D’un autre côté, Wael Hallaq insiste que «dans le référentiel islamique, il n’y a pas de patrie» pour laquelle elle nécessite «sacrifice», et aucune «autorité» n’a le droit d’imposer à la multitude ce qu’elle veut. Il n’y a donc pas de «sacrifice pour la patrie» en terre d’islam. La question la plus audacieuse et la plus problématique proposée par Wael Hallaq concerne le concept de la «citoyenneté» et du «sacrifice». D’après ce qu’il voit, il n’y a pas de «sacrifice pour la patrie, il y a plutôt un djihad contre les non-musulmans», c’est-à-dire «dâr al-harb est celle des non-croyants» (in Wael B. Hallaq, 2012, op. cit.).
L’autorité législative (shari’a, charia) en terre d’islam est à l’origine et, au final, «entre les mains de Dieu, tandis que les juges, les imams et les commentateurs ne sont qu’un outil pour communiquer et interpréter les décisions de cette autorité, et personne, même le gouvernant, calife ou émir, n’a le droit d’interférer dans ces décisions» (in Wael B. Hallaq, 2009, Shari’a : théorie, pratique, transformations, Cambridge University Press).
Face à ces tenants islamo-confréristes professant la «dawla islamia» en terre d’Algérie, comme fut ou à la manière de Bocchus à l’époque de Jugurtha, des intellectuels éminents, perspicaces et libres comme Larbi Tebessi, Tahar Hadad, Mohamed Arkoun, Kateb Yacine ou Wael Hallaq ont su indiquer la trajectoire de la rénovation et la pensée du salut. La négation de l’Etat national en Algérie, pourtant millénaire, convient paradoxalement à tous les protagonistes d’Orient et d’Occident.
L. C.
Extrait de Géopolitique d’Algérie, syndrome de la Régence, op. cit. 2021, pp. 224-229.
(Suivra)
1- Nazih Ayubi (1995), Over-stating the Arab State: Politics and Society in the Middle East, London.
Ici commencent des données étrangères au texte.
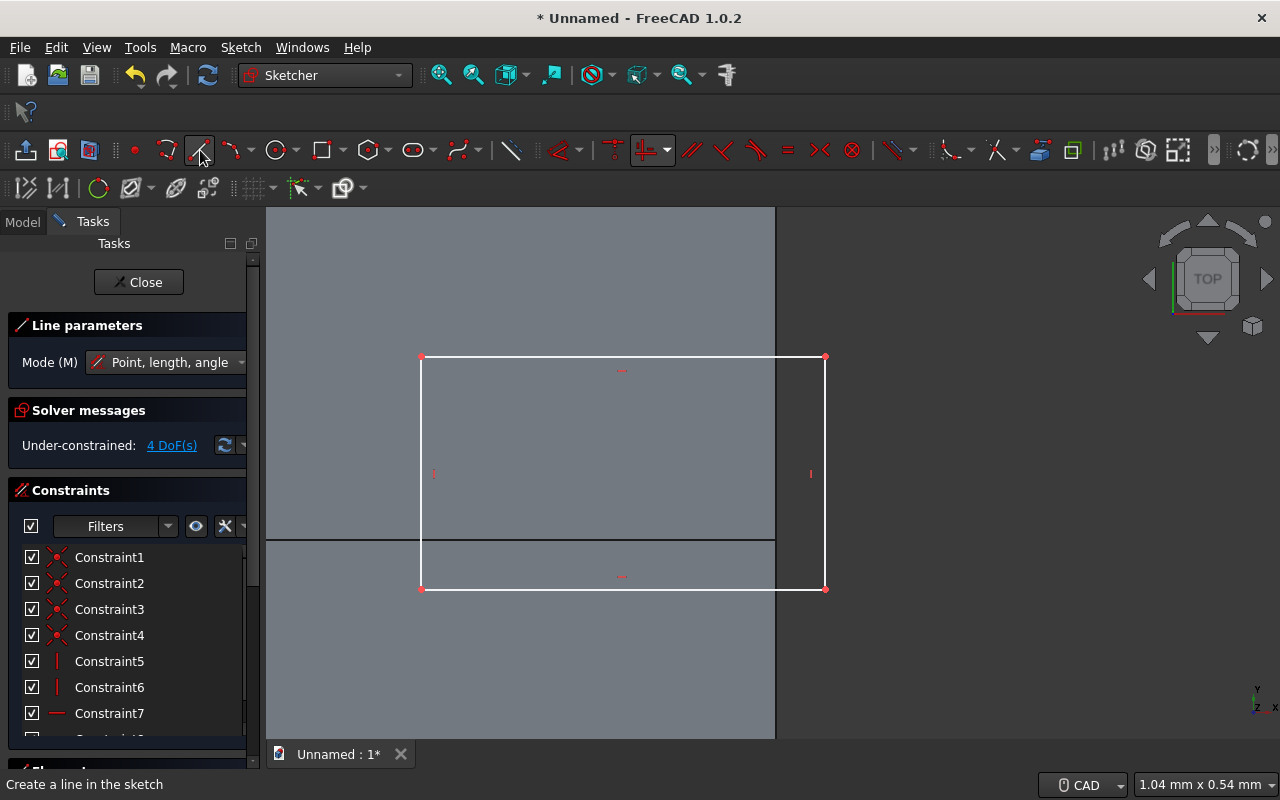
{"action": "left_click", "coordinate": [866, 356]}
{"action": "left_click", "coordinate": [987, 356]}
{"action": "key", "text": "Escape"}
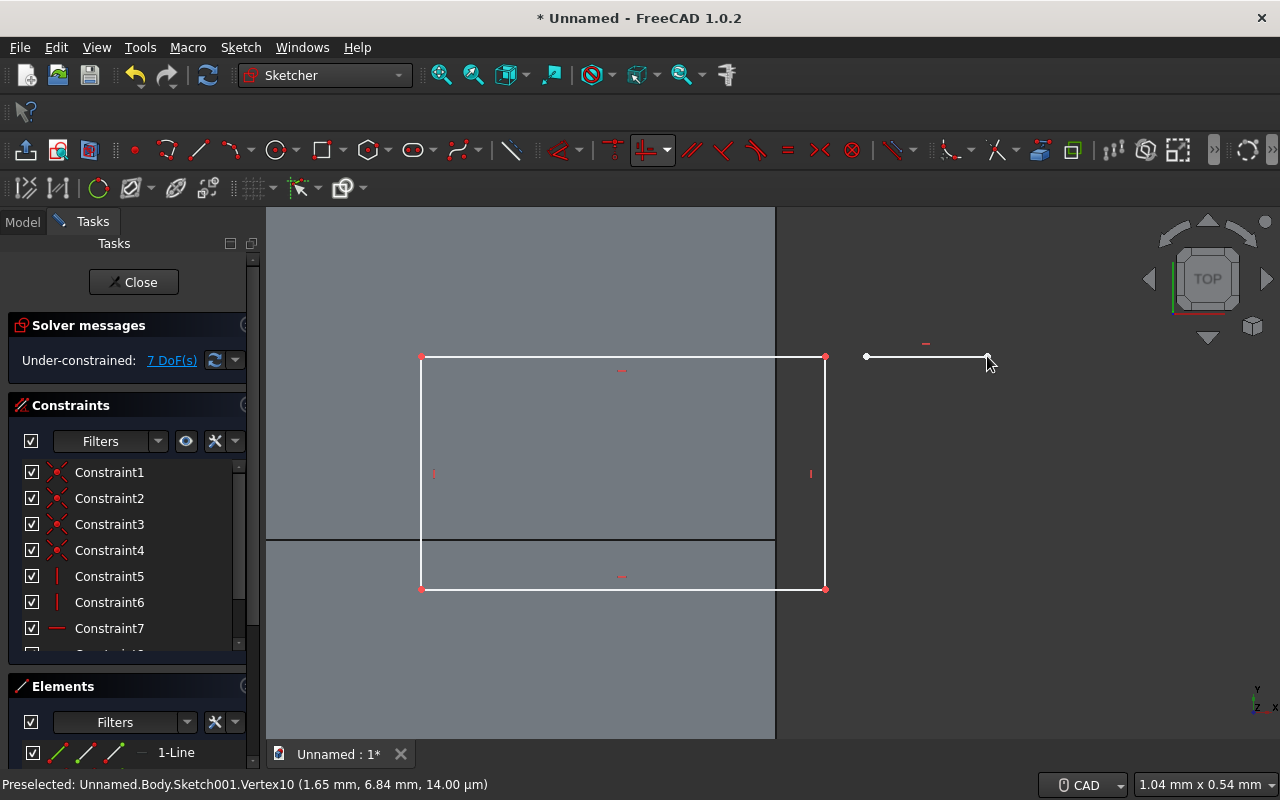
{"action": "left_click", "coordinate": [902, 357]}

En effet, le terme «dawla» signifie d’abord cycle, période, dynastie. Il a été utilisé au début des Abbassides pour indiquer le «temps de succès» d’un calife, son règne califal, cf. Rosenthal, F., 1965, «Dawla», in Encyclopédie de l’islam, seconde édition, 2007.
2- Wael B. Hallaq, professeur d’origine palestinienne spécialiste du droit et de l’histoire intellectuelle de l’islam. Il est chercheur à la Fondation Avalon en sciences humaines à l’Université de Columbia. Son important ouvrage The Impossible State: Islam, Politics and Modernity’s Moral Predicament, paru en 2012, a été traduit en plusieurs langues dont l’arabe, l’hébreu, le persan et le turc. Il a publié aussi An introduction to Islamic law (Cambridge University Press, 2009) et Shari’a : théorie, pratique, transformations (Cambridge University Press, 2009).